(DATA FOR THE TASK Opens)
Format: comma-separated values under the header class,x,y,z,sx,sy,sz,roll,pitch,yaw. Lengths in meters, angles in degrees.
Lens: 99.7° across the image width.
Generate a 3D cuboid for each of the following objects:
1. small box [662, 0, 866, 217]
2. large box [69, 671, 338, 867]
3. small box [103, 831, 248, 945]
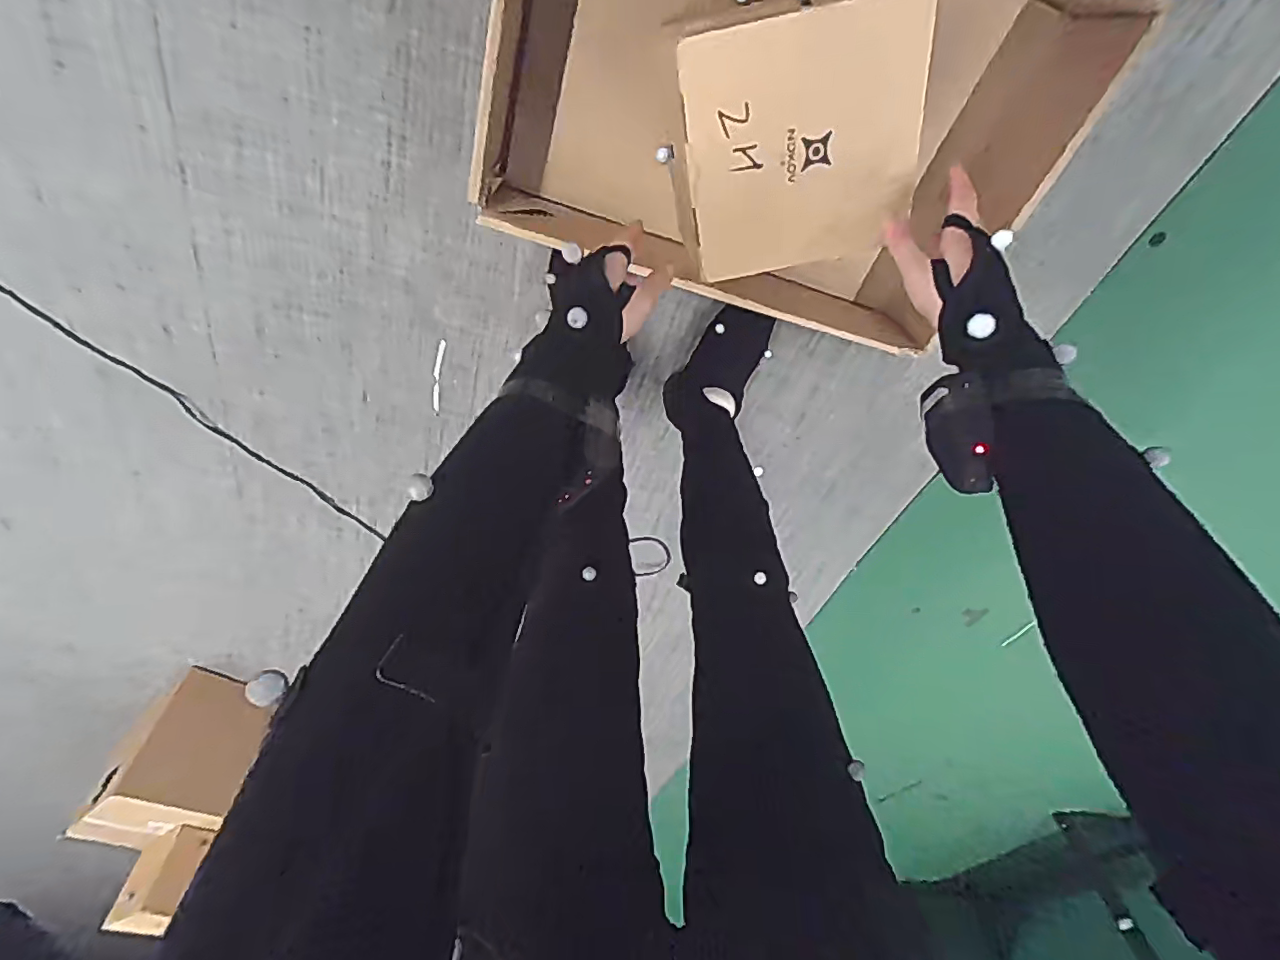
class,x,y,z,sx,sy,sz,roll,pitch,yaw
small box,0.122,-0.407,0.582,0.179,0.176,0.168,-11,130,5
large box,-1.108,0.768,1.423,0.320,0.320,0.408,-37,122,22
small box,-1.070,0.952,1.262,0.179,0.176,0.168,-32,125,21
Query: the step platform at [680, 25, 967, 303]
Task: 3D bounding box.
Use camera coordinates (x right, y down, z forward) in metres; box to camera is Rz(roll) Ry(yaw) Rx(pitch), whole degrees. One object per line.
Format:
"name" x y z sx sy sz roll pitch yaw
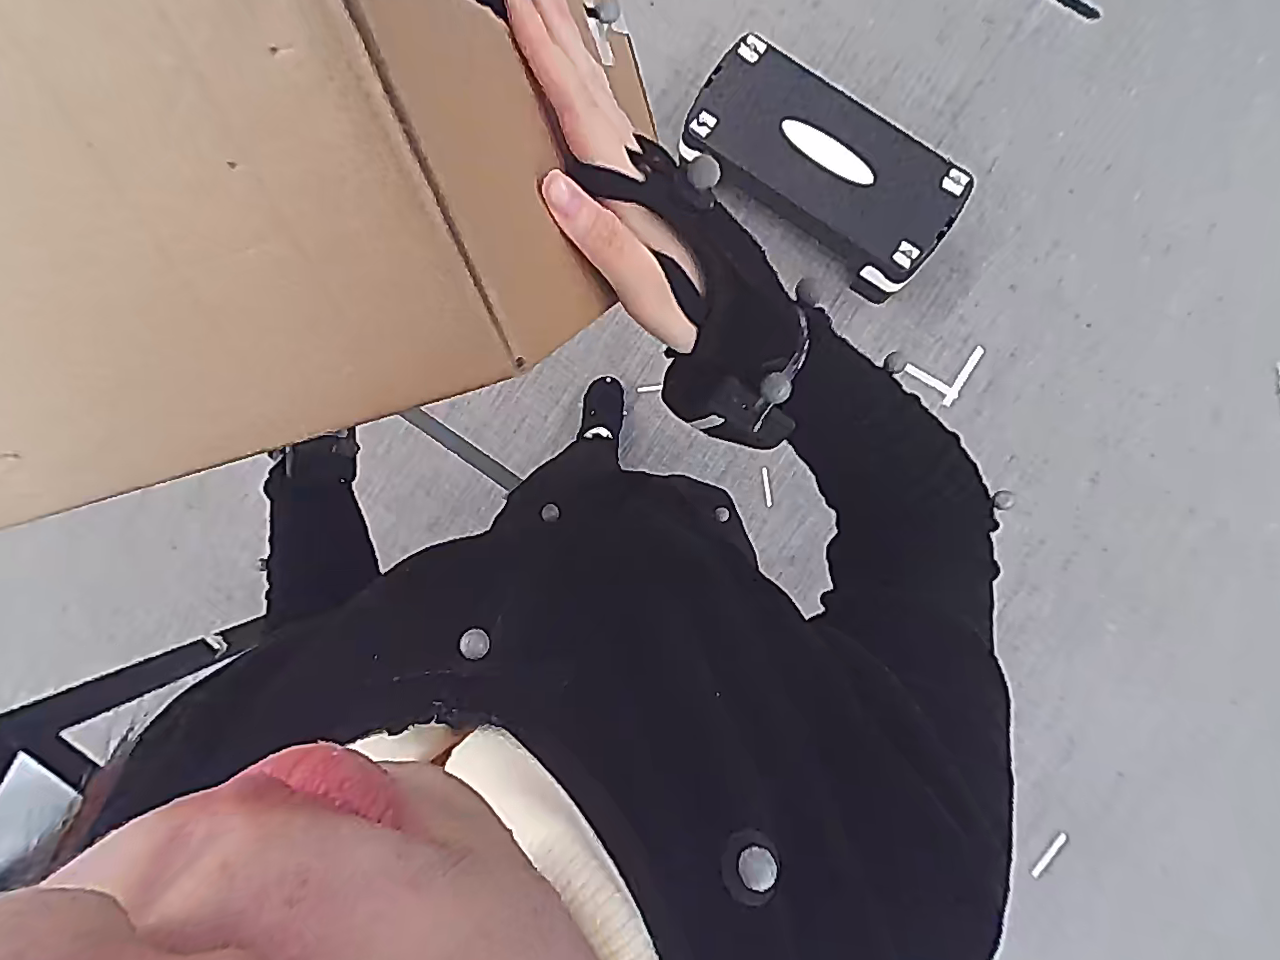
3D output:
"step platform" 0.428 -0.762 1.326 0.684 0.204 0.286 40 94 3

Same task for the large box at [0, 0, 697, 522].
"large box" -0.221 -0.213 0.305 0.408 0.320 0.320 -11 115 22
(DATA FOR THE TASK Closes)
WHAT YOU HAVE TO DO: Search the entries for the word "Format" and gather every line where it appears.

EXERCISE OUTPUT:
Format: comma-separated values under the header class,x,y,z,sx,sy,sz,roll,pitch,yaw. Lengths in meters, angles in degrees.
Format:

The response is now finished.